- Input data
*** Block opens ***

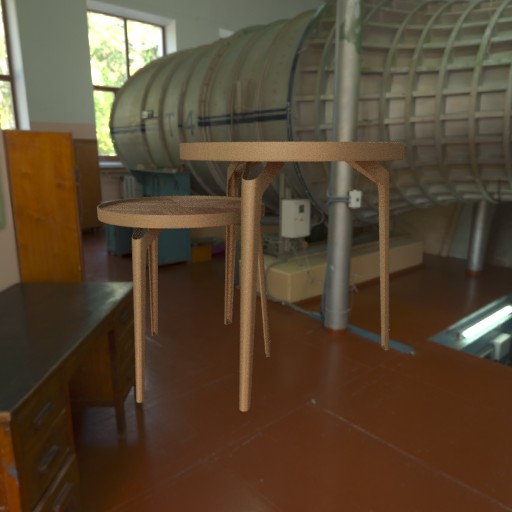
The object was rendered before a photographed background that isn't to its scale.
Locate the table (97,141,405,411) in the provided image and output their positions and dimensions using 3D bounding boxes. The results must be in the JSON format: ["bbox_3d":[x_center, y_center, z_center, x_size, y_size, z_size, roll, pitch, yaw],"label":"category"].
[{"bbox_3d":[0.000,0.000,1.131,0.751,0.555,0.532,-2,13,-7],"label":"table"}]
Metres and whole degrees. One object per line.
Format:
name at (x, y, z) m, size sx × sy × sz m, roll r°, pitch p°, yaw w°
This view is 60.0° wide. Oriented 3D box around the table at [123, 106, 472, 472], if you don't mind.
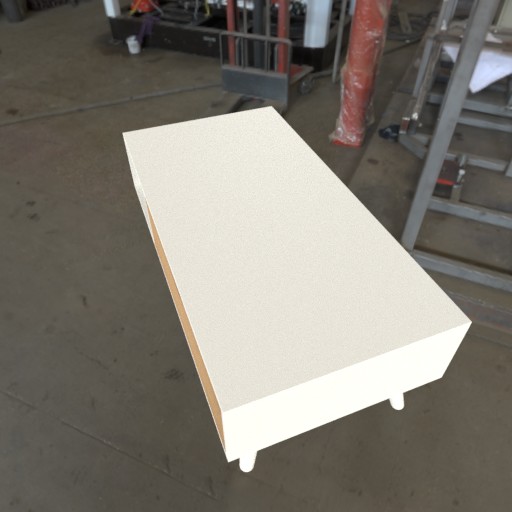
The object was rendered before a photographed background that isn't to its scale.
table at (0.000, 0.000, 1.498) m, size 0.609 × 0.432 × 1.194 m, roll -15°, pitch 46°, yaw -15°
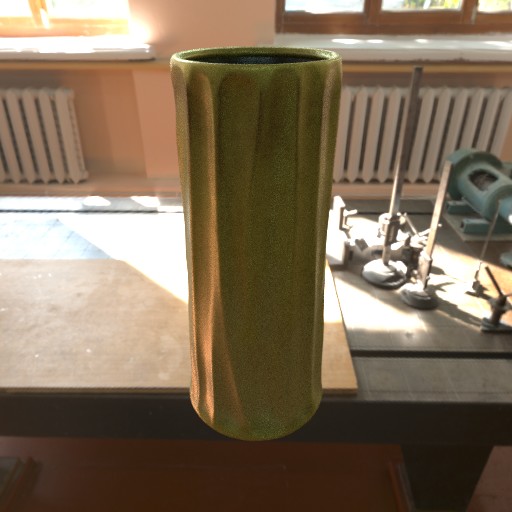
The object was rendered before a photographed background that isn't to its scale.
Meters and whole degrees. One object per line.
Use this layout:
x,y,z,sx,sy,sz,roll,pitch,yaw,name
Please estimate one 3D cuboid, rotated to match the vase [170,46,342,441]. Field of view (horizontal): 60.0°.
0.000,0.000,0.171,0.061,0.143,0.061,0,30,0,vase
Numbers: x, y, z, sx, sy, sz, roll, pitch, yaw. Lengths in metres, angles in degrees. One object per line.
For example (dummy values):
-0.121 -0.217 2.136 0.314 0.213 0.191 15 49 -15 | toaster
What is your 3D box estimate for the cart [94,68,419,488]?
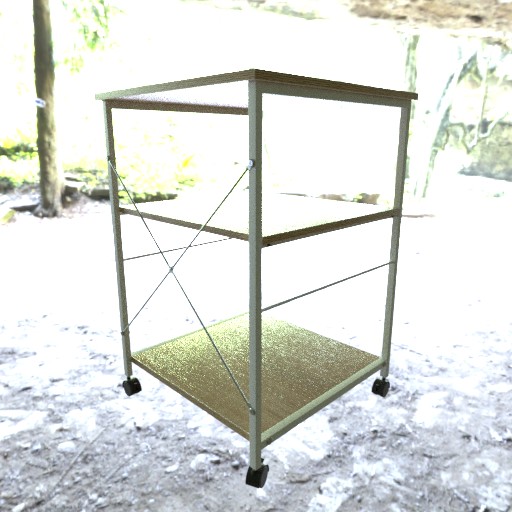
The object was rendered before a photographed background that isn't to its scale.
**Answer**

*** Block closes ***

- Work to complete
Scan the material above and copy every line that holds the string "degrees".

- Exercise result
Metres and whole degrees. One object per line.
Meters and whole degrees. One object per line.
Numbers: x, y, z, sx, sy, sz, roll, pitch, yaw. Lengths in metres, angles in degrees. One object per line.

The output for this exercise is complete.